Difficile spiegare a un cileno che il concetto di razza dominante razza originaria da noi si è perso da parecchio e che l’Italia è un miscuglio di razze e tutte in pole position, e sono anzi molto apprezzati gli incroci. “Sono rimasta sconvolta quando ho visto che da voi molti camerieri erano biondi con gli occhi azzurri”, mi ha detto un’amica tempo fa. “Da noi, con quei colori ci sono solo i cuicos”. I cuicos, cioé la gente del Barrio Alto, dei quartieri bene, sono in effetti quasi tutti slavati e chiari, una dote molto apprezzata perché sinonimo di avi europei. I cuicos hanno cognomi spagnoli e tedeschi.
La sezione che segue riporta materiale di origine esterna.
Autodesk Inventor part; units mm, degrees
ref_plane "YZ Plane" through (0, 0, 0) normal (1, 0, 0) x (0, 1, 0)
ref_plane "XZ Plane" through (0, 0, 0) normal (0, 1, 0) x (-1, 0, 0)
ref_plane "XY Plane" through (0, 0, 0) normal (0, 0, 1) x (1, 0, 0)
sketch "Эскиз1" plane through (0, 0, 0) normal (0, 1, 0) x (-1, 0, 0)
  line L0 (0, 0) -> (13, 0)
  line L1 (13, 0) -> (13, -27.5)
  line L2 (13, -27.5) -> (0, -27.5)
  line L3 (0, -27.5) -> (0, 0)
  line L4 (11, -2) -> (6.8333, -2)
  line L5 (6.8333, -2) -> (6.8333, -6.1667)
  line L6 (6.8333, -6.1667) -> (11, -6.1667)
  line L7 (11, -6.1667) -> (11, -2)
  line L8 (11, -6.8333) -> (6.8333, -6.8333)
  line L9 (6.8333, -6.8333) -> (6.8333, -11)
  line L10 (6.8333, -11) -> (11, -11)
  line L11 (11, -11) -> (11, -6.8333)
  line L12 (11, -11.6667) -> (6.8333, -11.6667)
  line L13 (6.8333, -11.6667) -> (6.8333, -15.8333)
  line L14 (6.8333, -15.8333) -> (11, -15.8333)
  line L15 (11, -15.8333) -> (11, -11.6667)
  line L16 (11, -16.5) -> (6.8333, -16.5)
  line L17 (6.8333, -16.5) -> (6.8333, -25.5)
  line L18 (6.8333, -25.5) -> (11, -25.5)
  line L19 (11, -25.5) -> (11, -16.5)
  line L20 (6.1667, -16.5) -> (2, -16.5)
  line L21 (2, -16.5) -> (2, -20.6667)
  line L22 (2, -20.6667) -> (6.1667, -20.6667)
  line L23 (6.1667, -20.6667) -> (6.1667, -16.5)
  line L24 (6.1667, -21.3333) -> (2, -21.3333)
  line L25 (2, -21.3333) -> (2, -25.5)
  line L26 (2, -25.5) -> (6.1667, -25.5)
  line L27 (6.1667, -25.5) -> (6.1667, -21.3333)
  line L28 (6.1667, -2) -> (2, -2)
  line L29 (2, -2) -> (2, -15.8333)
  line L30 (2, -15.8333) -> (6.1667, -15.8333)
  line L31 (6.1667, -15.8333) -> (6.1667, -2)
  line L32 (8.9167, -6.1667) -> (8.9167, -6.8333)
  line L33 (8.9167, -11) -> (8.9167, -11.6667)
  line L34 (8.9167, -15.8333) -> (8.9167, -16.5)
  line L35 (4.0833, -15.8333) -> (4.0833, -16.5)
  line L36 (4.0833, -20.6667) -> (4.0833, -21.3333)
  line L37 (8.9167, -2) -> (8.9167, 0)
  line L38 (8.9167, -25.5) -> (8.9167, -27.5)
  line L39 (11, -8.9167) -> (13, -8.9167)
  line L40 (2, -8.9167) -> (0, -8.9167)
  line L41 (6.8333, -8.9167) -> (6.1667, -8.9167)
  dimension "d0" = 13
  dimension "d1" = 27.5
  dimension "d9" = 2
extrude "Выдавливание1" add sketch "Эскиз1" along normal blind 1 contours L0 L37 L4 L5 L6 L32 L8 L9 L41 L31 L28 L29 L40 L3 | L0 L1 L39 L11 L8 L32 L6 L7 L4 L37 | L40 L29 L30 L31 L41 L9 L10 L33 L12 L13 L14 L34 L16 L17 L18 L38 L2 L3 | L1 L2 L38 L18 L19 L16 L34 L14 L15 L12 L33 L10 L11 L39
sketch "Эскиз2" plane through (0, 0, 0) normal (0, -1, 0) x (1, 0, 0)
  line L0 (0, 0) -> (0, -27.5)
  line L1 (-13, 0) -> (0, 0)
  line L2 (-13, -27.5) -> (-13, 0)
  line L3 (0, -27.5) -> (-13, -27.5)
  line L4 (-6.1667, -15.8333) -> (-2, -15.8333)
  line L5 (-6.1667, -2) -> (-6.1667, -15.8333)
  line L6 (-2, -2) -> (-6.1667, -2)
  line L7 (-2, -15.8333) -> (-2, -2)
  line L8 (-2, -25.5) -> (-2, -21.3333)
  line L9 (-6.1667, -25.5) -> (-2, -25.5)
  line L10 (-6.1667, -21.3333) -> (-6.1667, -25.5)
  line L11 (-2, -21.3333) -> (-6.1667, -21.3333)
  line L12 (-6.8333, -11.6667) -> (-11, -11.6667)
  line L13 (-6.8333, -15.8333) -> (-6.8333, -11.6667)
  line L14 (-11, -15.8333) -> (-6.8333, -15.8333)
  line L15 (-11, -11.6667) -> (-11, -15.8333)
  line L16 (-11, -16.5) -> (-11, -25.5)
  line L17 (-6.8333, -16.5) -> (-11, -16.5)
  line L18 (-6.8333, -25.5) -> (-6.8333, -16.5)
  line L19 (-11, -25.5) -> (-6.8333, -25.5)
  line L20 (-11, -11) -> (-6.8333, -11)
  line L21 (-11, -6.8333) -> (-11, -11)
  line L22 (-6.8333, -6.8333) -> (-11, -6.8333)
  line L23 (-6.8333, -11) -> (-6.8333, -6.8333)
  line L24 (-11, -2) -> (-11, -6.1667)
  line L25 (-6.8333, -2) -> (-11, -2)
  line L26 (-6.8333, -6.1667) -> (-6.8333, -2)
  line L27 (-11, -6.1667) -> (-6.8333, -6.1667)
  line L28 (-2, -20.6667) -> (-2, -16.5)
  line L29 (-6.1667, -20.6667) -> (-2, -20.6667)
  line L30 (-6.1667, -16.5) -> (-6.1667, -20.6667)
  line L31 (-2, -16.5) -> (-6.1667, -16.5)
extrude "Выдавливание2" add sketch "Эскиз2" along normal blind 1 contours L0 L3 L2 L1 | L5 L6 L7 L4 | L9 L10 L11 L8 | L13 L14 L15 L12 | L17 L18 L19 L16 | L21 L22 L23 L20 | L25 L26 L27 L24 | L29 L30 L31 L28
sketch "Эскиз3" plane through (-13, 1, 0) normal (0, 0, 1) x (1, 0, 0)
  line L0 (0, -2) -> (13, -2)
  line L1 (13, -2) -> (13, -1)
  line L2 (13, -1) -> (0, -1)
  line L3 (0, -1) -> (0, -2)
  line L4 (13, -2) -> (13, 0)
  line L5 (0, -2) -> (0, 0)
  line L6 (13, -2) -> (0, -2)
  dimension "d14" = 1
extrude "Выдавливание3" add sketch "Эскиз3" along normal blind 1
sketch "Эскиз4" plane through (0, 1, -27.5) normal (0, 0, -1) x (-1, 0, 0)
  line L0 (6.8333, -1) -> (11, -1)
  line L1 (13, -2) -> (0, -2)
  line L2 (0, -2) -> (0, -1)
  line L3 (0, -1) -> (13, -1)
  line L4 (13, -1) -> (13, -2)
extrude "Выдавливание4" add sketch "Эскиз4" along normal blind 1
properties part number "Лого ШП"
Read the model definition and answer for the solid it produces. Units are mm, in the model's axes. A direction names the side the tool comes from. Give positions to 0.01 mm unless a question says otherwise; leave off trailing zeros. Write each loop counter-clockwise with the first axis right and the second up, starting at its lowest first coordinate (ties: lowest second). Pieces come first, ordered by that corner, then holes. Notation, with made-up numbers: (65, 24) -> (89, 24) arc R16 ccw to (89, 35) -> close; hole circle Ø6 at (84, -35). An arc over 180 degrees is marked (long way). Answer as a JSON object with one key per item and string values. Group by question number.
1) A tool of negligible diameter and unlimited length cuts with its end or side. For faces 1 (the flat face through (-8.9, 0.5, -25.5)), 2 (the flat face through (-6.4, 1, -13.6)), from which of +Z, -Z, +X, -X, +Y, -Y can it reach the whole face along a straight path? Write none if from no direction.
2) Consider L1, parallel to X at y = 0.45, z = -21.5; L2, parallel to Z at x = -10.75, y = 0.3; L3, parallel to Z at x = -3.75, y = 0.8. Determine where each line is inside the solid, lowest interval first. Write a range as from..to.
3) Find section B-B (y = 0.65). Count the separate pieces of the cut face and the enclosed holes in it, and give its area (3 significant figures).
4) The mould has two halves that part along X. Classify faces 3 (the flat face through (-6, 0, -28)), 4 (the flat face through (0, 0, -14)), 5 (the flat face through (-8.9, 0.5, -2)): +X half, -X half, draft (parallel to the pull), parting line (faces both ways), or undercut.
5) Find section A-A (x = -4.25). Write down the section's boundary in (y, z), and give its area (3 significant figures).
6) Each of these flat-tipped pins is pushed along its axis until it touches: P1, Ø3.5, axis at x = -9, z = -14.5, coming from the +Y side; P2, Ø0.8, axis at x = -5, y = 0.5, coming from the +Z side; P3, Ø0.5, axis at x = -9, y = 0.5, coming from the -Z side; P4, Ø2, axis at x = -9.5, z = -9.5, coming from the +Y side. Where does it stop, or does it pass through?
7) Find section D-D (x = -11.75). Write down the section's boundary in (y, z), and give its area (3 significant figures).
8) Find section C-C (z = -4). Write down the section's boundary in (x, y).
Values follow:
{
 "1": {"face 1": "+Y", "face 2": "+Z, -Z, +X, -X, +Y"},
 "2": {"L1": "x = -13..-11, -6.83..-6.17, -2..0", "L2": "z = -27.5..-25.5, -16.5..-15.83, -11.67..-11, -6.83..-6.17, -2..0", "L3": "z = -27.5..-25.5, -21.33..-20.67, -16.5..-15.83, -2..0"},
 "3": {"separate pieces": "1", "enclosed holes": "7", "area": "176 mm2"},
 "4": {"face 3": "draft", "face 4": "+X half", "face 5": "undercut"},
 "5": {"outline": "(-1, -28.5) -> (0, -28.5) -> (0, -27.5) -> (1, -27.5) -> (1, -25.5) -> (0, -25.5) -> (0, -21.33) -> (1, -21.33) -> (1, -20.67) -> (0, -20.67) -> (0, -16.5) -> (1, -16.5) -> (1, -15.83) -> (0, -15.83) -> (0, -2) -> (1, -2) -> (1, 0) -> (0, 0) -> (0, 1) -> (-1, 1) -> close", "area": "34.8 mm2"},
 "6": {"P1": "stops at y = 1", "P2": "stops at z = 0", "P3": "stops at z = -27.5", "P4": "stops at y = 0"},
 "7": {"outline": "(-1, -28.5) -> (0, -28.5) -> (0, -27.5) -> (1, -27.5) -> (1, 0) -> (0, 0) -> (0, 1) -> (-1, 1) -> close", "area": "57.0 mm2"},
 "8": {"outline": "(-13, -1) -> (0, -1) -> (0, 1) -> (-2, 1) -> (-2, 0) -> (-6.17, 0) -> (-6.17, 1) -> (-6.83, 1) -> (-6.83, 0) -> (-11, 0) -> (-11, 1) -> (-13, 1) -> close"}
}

Kreutzberger, Kleimm. “Con un cognome e una faccia come la mia dove vuoi che vada”, mi ha confessato un’ altra amica, avvocato brillante ma dai caratteristici tratti andini. “Nessun cuico si sposerebbe mai con me”. Il fatto è che chi conta, a Santiago, non ha mai quei tratti. La maggior parte dei cuicos, a dire la verità, sono piuttosto bruttini ma hanno “tremendo exito” in amore e socialmente. Hanno la sicurezza dei dominatori, un accento caratteristico e dicono Chile con la C strascicata. “Le persone piacciono anche per il mondo che rappresentano”, mi ha spiegato un conoscente antropologo, dopo avermi confessato che sotto sotto nemmeno lui è puro. I cuicos mi affascinano da quando ho messo piede in Cile, sei mesi fa. Non loro, naturalmente, ma quel mondo autosufficiente e protetto i cui confini finiscono a Vitacura, Las Condes e La Dehesa e da cui non escono mai. Un vero cuico può scendere a volte fino al quartiere di Bellavista, più bohemio e popolare, ma in generale non si muove da quei quartieri in cui i locali sono imitazioni noiosissime e molto anonime dei luoghi omologhi di Miami e Milano. Da quando sono qui devo avere sentito la parola cuico almeno un paio di milioni di volte. E’ una sorta di marchio di fabbrica.

“La mia amica cuica, mio cugino cuico, i miei vicini cuicos, il mio capo cuico, la mia ex moglie, ahimé, una vera cuica”. Essere cuico è il sogno nascosto di chi non lo è, salvo eccezioni. “Ringrazia che sei italiana”, mi ha detto ridendo una delle poche persone a cui probabilmente non interessa esserlo. “Con quei colori nessun cuico, a Santiago, ti rivolgerebbe la parola se non lo fossi”.

2 Comments to “Cuicos”

  1. By gc, April 16, 2008 @ 9:57 am

    Avrei dei racconti incredibili sulla mia ex-suocera di Vitacura. Bastava che arrivasse a Providencia perché si sentisse già Madre Teresa di Calcutta andata in missione nel terzo mondo…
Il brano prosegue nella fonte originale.